Within the material below, how many lines include "cuboids"? Answer with the count only.

[Opening Supplied material section]

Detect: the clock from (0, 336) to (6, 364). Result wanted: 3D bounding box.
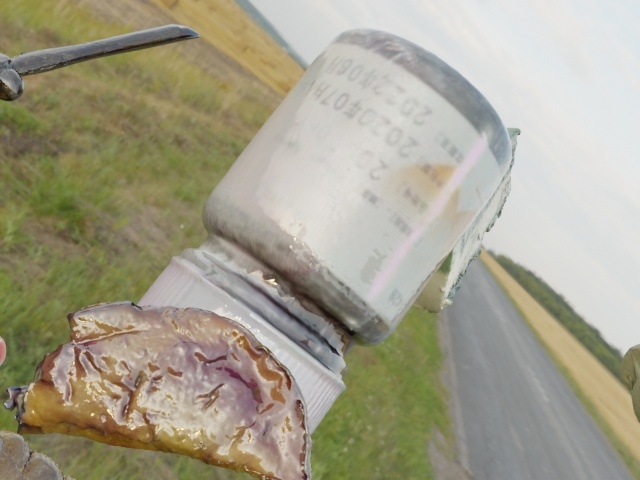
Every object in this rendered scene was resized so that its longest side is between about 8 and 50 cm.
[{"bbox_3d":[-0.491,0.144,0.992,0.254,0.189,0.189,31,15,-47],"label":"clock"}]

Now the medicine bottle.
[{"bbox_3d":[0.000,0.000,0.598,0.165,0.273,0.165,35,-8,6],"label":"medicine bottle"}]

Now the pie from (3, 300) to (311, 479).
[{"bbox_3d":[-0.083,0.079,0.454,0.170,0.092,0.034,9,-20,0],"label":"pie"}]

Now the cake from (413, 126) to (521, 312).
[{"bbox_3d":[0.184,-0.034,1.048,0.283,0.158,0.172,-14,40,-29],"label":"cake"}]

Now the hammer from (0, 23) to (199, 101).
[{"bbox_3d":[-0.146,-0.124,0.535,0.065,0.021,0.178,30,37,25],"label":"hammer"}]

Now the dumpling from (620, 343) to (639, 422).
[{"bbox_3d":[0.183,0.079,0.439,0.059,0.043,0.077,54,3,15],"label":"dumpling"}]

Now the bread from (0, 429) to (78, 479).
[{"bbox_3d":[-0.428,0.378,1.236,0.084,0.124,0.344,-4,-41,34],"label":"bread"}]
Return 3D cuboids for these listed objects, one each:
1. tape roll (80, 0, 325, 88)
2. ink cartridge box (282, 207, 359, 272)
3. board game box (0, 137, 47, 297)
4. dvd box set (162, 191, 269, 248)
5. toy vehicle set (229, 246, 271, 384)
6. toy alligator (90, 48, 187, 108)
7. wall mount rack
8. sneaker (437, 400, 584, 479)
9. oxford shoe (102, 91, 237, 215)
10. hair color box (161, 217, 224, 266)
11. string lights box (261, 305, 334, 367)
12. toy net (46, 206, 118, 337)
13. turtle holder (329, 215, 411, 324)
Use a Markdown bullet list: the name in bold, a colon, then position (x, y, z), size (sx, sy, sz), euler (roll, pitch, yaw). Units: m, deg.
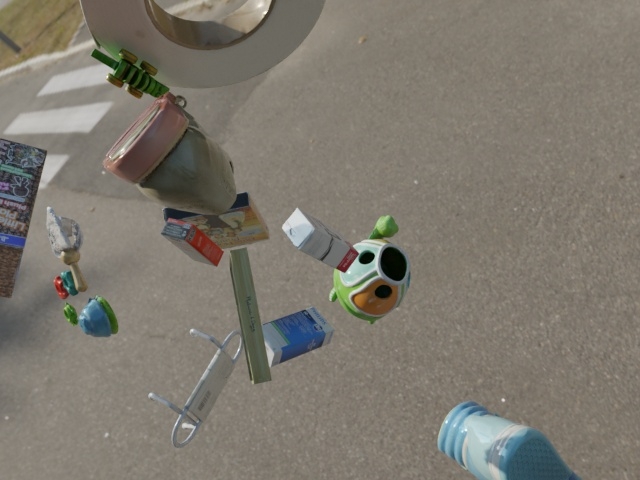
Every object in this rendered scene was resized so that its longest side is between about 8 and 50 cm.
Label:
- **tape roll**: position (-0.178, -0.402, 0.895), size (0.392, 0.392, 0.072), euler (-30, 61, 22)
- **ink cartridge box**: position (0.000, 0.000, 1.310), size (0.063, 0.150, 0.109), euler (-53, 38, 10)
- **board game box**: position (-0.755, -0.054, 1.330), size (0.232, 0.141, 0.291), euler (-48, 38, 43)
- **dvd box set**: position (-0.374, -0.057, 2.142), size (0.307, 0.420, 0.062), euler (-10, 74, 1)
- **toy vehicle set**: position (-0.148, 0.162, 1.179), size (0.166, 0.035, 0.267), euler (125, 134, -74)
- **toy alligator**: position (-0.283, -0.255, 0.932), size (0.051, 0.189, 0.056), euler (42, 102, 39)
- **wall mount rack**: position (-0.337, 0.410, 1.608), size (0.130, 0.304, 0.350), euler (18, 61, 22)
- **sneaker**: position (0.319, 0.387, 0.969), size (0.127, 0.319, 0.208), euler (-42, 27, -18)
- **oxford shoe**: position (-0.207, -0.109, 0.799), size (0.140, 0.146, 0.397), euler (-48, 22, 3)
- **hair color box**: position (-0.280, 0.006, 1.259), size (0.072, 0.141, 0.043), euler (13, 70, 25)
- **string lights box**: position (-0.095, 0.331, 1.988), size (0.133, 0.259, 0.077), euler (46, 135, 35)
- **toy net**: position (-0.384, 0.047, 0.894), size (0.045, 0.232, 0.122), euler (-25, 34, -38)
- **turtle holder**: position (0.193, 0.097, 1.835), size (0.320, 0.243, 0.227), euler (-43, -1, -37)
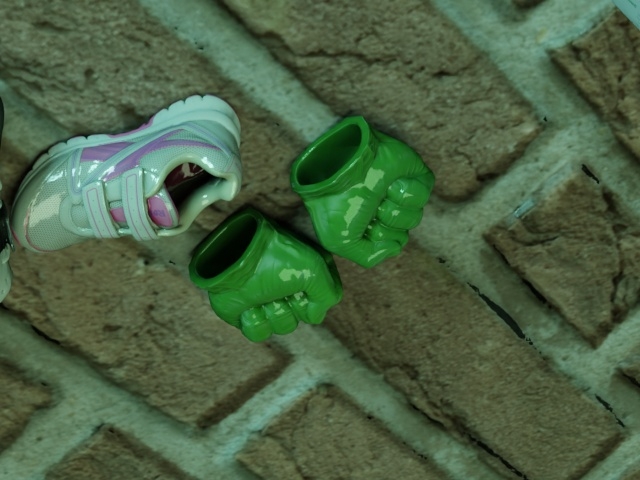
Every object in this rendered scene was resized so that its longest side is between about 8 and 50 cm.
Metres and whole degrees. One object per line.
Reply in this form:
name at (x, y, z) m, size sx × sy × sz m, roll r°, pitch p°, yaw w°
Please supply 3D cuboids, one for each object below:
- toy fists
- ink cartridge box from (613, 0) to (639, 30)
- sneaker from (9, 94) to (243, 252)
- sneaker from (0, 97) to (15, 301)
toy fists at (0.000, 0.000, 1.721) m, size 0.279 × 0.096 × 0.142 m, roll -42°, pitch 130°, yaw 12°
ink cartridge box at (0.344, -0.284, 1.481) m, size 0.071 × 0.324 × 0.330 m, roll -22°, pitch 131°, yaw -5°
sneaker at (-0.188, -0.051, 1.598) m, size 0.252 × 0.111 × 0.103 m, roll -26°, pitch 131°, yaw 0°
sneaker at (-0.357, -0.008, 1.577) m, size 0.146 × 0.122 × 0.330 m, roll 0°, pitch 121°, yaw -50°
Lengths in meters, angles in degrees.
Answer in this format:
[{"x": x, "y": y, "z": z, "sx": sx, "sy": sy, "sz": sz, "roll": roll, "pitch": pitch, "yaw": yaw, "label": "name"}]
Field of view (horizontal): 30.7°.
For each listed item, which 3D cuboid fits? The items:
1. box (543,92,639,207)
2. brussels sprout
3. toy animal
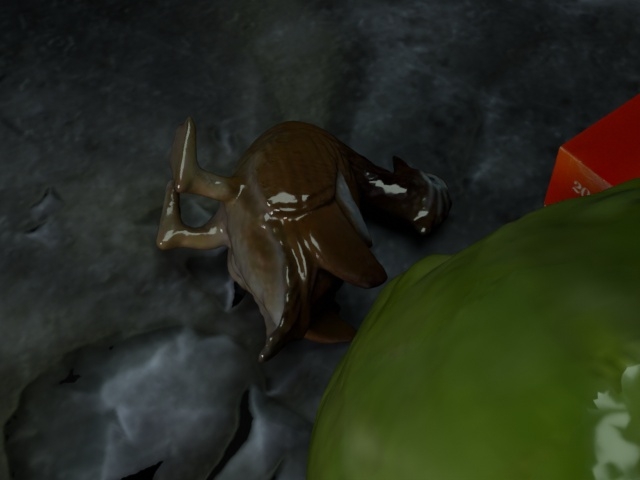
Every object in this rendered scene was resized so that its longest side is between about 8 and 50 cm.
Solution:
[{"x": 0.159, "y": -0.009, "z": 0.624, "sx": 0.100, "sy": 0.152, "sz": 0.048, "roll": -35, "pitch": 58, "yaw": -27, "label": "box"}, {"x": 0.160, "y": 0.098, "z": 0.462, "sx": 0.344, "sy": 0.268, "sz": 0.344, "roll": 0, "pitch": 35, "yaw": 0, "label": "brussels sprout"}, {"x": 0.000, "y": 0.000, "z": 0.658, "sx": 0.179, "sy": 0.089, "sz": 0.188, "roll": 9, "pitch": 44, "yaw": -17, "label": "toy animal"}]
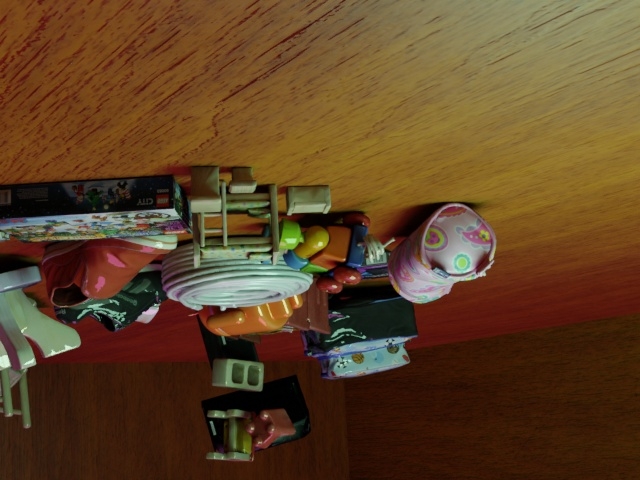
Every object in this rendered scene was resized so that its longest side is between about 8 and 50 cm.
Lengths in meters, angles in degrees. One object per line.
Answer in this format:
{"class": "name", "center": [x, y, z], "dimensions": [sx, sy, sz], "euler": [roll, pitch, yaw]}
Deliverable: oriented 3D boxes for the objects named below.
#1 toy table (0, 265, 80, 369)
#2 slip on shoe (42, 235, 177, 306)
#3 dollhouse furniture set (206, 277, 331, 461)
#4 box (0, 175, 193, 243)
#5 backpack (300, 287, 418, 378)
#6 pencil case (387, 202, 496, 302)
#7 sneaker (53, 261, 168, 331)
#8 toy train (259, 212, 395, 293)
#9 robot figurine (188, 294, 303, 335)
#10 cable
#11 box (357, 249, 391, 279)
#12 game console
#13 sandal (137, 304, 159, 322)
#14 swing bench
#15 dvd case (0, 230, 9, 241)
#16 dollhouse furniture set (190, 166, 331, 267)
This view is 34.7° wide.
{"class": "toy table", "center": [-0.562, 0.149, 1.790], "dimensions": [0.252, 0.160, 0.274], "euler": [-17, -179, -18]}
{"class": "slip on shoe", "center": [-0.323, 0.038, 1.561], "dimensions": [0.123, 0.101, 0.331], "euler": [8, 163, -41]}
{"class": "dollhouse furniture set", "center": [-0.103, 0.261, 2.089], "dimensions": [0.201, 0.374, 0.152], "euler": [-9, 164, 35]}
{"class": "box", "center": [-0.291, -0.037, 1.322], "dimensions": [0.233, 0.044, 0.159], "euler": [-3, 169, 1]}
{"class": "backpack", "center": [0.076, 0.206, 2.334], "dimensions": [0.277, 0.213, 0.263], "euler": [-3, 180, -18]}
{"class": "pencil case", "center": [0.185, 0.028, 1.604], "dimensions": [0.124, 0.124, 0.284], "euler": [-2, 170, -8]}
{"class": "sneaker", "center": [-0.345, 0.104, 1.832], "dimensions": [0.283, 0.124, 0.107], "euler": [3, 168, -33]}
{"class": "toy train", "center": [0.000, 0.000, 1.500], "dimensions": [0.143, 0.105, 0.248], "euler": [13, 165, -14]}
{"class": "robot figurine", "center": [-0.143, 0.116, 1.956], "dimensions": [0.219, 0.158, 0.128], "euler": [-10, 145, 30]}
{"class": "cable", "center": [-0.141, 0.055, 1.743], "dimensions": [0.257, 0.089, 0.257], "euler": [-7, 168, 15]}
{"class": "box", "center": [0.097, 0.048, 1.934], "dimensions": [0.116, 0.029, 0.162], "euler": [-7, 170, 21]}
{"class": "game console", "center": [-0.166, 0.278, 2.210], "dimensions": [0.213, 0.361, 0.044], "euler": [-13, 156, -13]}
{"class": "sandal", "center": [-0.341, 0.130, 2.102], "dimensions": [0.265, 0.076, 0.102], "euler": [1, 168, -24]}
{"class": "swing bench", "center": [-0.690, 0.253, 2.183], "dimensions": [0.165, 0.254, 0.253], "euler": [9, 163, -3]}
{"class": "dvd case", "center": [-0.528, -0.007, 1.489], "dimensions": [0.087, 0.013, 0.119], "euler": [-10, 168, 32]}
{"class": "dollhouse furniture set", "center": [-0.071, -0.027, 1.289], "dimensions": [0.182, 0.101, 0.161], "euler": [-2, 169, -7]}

[Closing Supplied material section]

* [Solved problem]
2